Traditional transformer models are causal, meaning they are trained by repeatedly learning to predict a word conditioned solely on the previous words in its sentence. BERT, on the other hand, is trained by predicting a word conditioned on both the previous and subsequent words in its sentence. As a result, we say that BERT is deeply bidirectional.

Bidirectional

In the example above, we see the unidirectional training approach of the traditional transformer as it attempts to predict "jumped" from "The quick brown fox". In contrast, BERT's bidirectional training teaches it to predict "jumped" from both the preceding and subsequent words, "The quick brown fox" and "over the lazy dog".

Pre-Training Tasks

BERT uses two novel self-supervised pre-training techniques to enable its bidrectional context: Masked Language Model (MLM) and Next Sentence Prediction (NSP). The MLM technique involves randomly masking words in a sentence, as illustrated in the example above, and learning to predict them based on their context. This forces the model to develop an understanding of the sentence as a whole, as it cannot rely on sequential cues to predict the next word.

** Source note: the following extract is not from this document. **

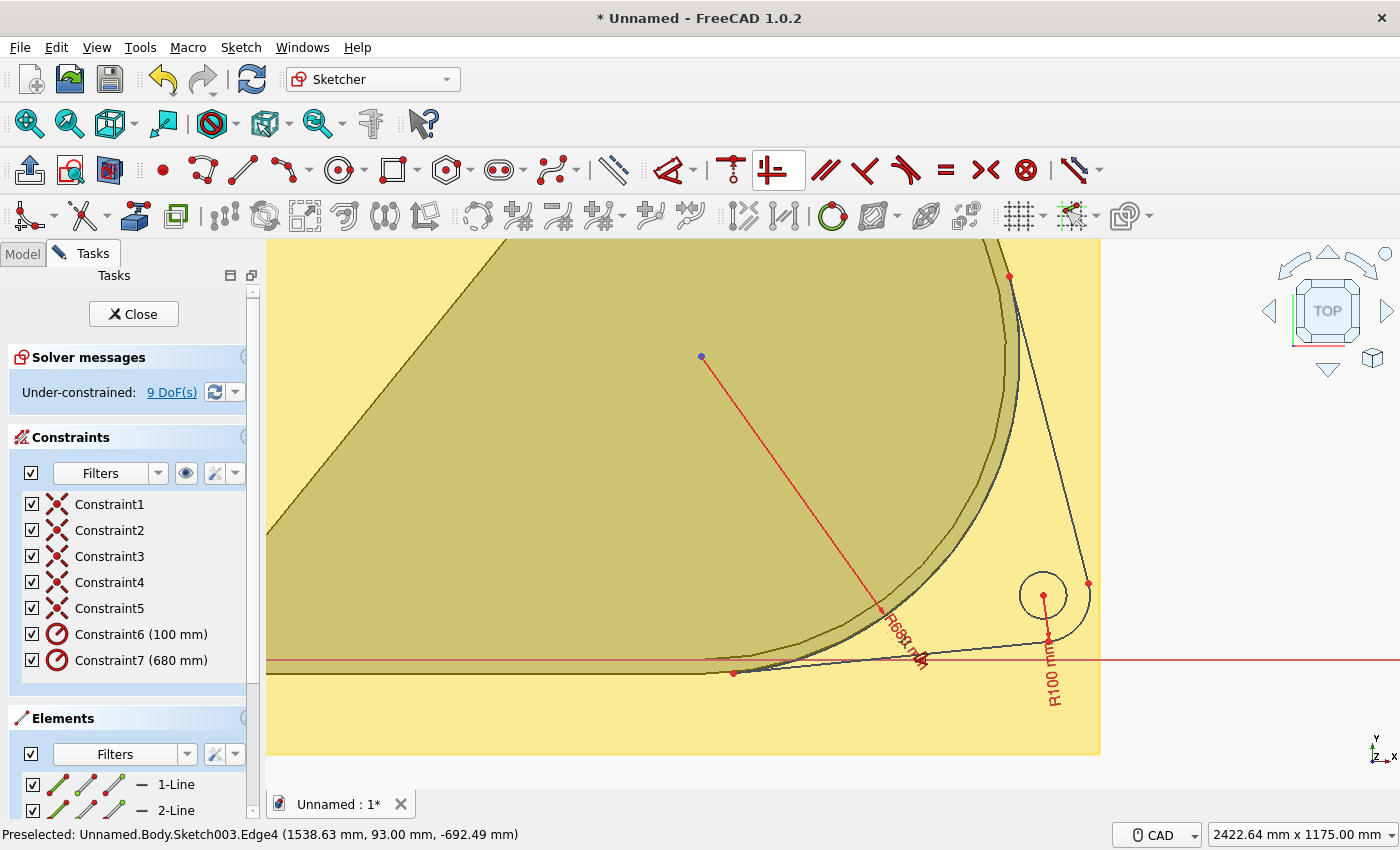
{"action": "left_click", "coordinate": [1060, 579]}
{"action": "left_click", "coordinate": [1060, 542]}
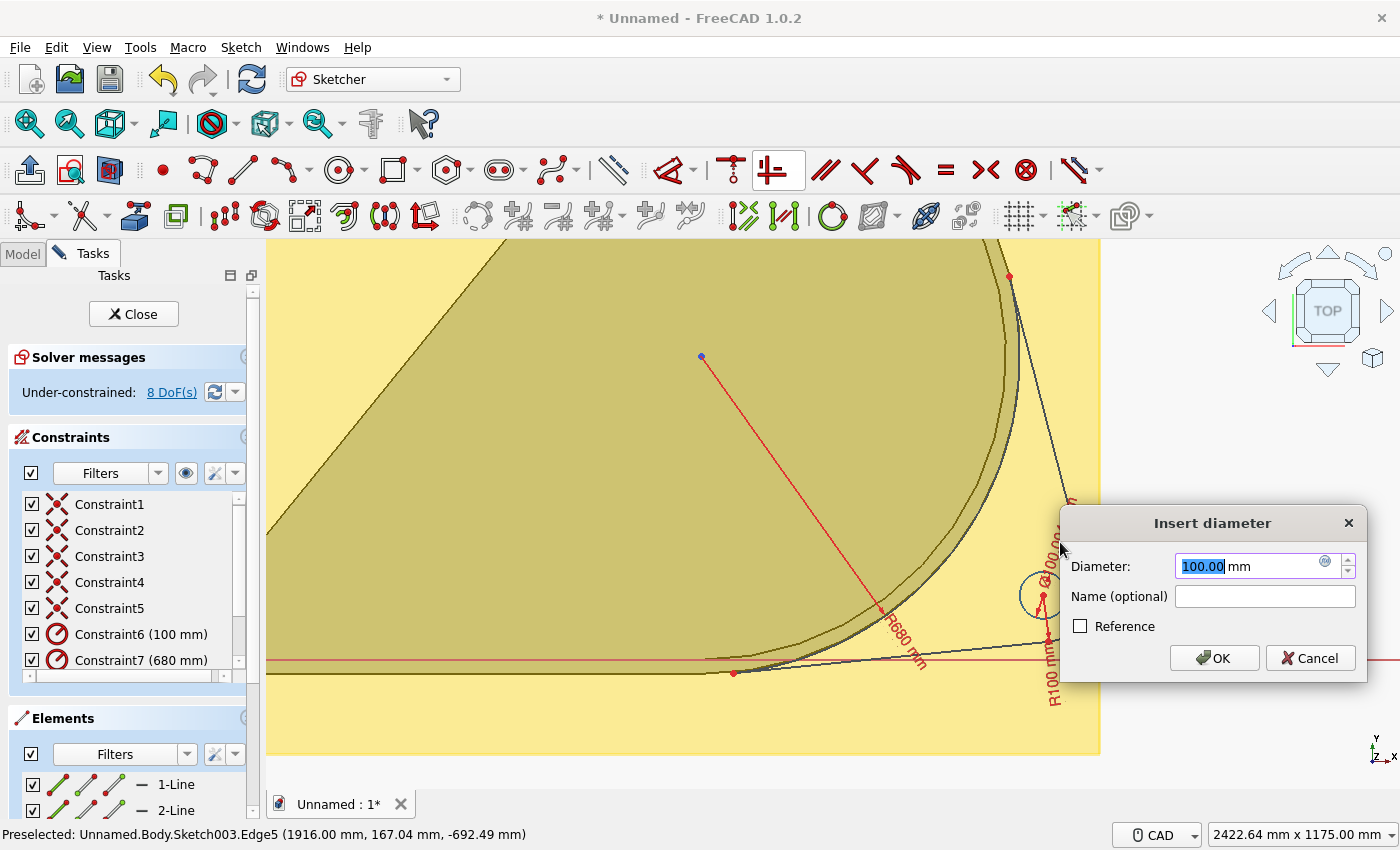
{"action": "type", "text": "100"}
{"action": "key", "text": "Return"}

The NSP technique, on the other hand, trains the model to predict the relationship between two consecutive sentences, teaching it to understand the broader context beyond individual sentences. Together, these two pre-training tasks allow BERT to develop a deep understanding of the context in which words appear, making it highly effective at generating contextual text embeddings.

Encoder-Only Architecture

Lastly, BERT only uses the encoder half of the transformer architecture. This is a departure from how most transfomers work, which use the encoder to understand the input and the decoder to generate new output tokens. This design decision is what allows BERT to instead output highly contextualized embeddings of its inputs. We'll learn more about this input-output space below.

Encoder

Inputs and Outputs

🔎 In NLP, a token is an atomic unit of text, often a word, but it can also be a character, subword (word fragment), n-gram (nn adjacent words), or a phrase, depending on the level of granularity required. Tokenization is the process of splitting a piece of text into these tokens. This is a critical step in NLP because it transforms unstructured text into a structured form that models can understand and analyze. Also, a model's vocabulary is simply the set of unique tokens that it recognizes.

To understand how BERT generates contextual text embeddings, we first need to understand the model's inputs and outputs. For each input token that BERT receives, it will output a corresponding contextualized embedding. These embeddings are vectors of either 384, 768, or 1024 dimensions, depending on the BERT variant being used. Here's what this looks like:

BERT

You might be wondering what the [CLS] and [SEP] tokens are doing in the diagram. Good question: these are both special tokens that BERT uses to structure its input. The role of the [CLS] token is to represent the meaning of the entire input sequence. It comes at the beginning of the input and is often used for downstream sentence classification tasks. BERT's input also features a [SEP] ("separation") token, which is placed at the end of the input sequence and is used to separate adjacent text segments.

Every embedding generated by BERT, including those for the [CLS] and [SEP] tokens, represents the meaning of the corresponding input token contextualized by the surrounding tokens in the input. For instance, the embedding for "riding" (h_riding in the diagram) would encapsulate the word's meaning as it relates to this specific context (i.e. in describing a man on a horse). The [CLS] token's embedding, in turn, captures the meaning of the entire segment, effectively providing a single embedding for the phrase "man is riding a horse"!

The [CLS] token's embedding is precisely how we're able to generate text embeddings for entire arbitrary-length documents. Paired with the model's breakthrough ability to understand long text sequences, BERT is an ideal tool for the task of semantic search.